START Dataset

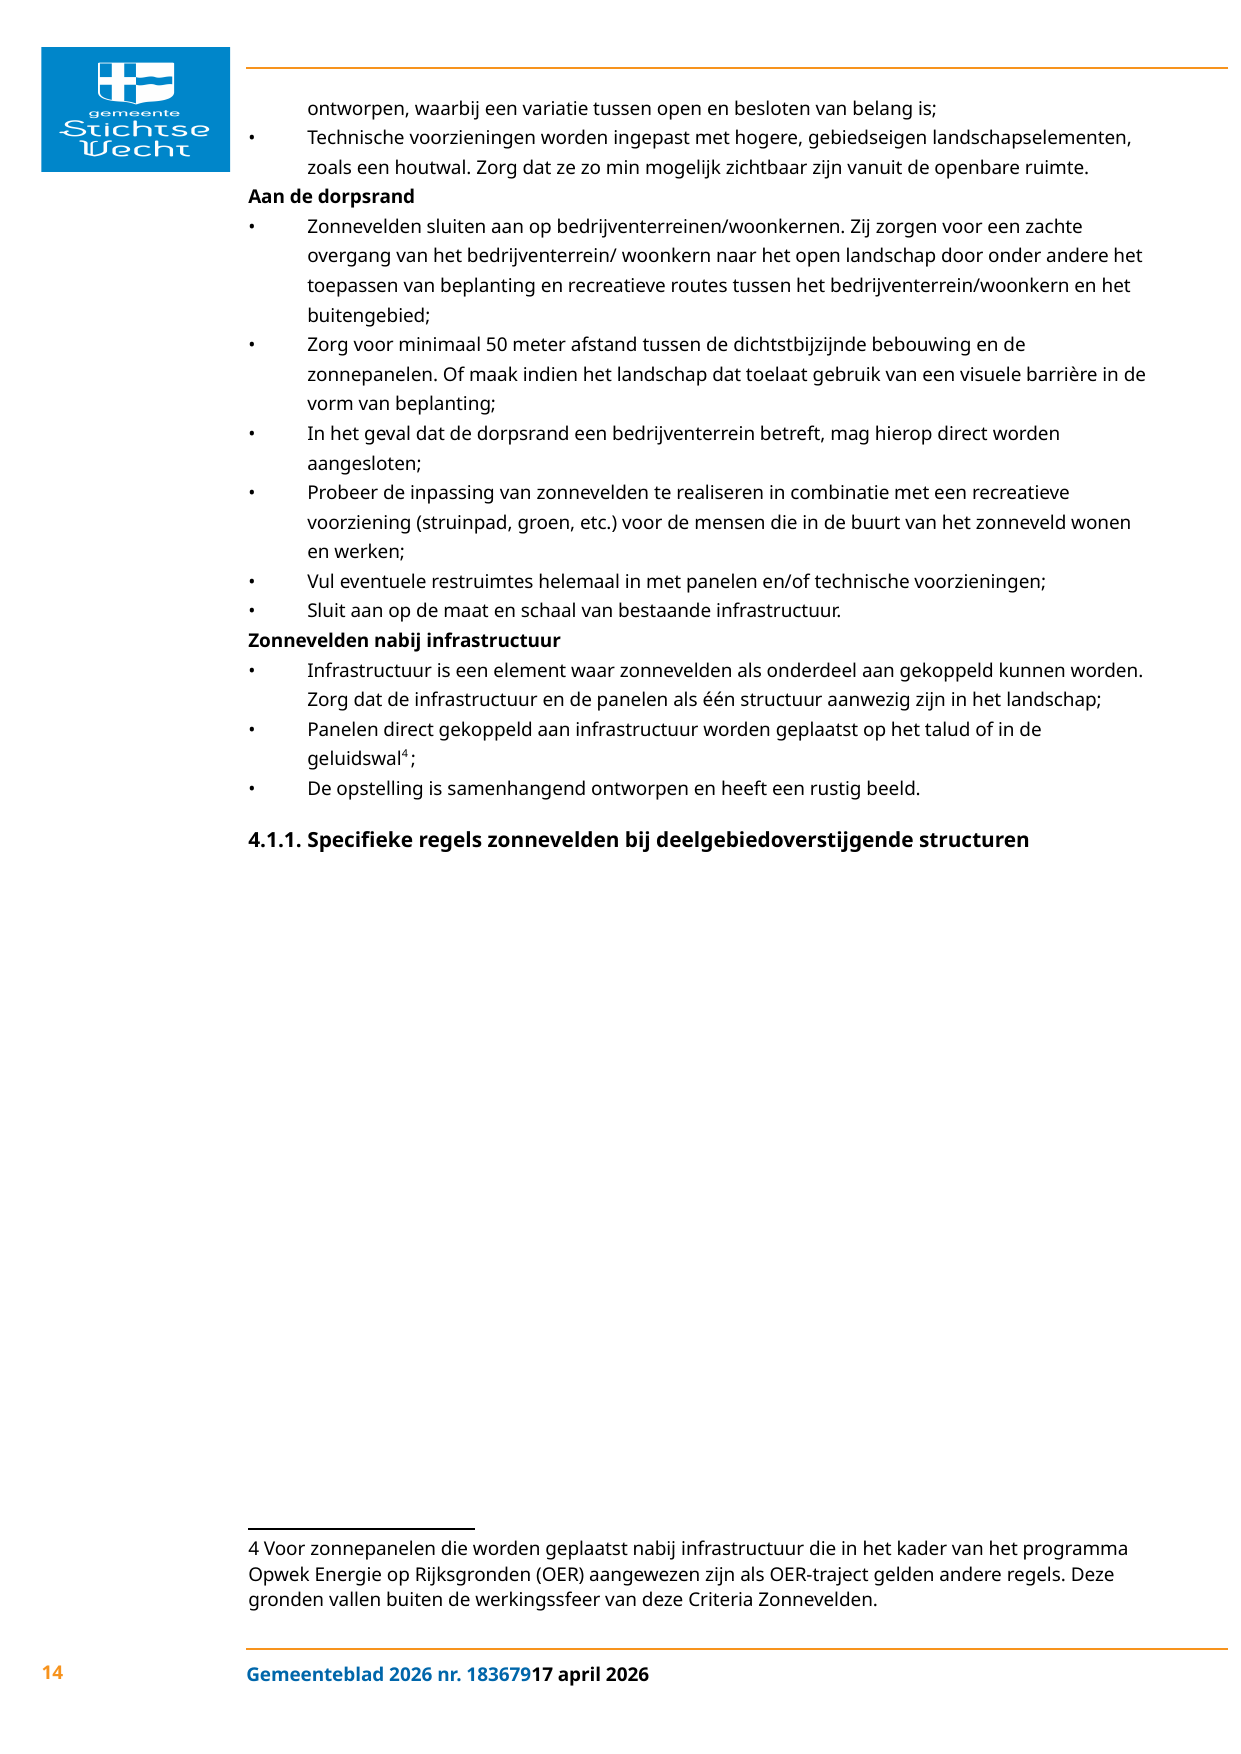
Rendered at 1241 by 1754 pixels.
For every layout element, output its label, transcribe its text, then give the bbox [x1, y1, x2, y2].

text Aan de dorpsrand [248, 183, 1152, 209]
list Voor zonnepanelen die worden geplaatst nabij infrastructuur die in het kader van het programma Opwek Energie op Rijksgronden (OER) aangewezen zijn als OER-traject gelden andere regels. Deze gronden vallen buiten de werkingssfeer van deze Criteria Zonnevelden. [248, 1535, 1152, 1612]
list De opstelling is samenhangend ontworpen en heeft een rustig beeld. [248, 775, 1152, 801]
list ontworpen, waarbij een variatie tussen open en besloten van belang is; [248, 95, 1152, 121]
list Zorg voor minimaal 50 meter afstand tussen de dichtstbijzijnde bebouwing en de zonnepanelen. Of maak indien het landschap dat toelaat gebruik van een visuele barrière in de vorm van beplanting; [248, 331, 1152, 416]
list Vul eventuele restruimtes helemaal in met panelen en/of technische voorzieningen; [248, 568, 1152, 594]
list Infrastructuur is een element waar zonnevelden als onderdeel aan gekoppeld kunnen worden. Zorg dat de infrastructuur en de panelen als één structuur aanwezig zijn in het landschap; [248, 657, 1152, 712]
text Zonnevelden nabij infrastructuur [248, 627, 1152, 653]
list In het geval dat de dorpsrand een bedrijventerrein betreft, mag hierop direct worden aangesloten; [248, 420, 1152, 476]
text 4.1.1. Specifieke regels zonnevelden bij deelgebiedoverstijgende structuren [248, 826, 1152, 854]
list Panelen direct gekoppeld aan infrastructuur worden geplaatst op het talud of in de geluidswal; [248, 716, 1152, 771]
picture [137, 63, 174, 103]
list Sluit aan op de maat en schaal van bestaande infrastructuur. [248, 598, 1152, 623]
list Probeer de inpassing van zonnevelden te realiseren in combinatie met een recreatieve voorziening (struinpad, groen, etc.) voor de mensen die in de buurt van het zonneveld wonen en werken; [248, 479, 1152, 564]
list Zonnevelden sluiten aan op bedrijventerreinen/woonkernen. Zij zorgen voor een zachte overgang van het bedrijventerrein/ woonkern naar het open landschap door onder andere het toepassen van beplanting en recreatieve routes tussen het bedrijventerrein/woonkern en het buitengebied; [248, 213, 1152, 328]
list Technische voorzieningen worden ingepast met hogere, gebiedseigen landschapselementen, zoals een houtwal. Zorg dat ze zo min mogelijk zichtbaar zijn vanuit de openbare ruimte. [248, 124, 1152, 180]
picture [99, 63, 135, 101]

END Dataset

## What is being asked
Wherever the string "ontworpen" appears in the data above, report the whole line.

## Written answer
list De opstelling is samenhangend ontworpen en heeft een rustig beeld. [248, 775, 1152, 801]
list ontworpen, waarbij een variatie tussen open en besloten van belang is; [248, 95, 1152, 121]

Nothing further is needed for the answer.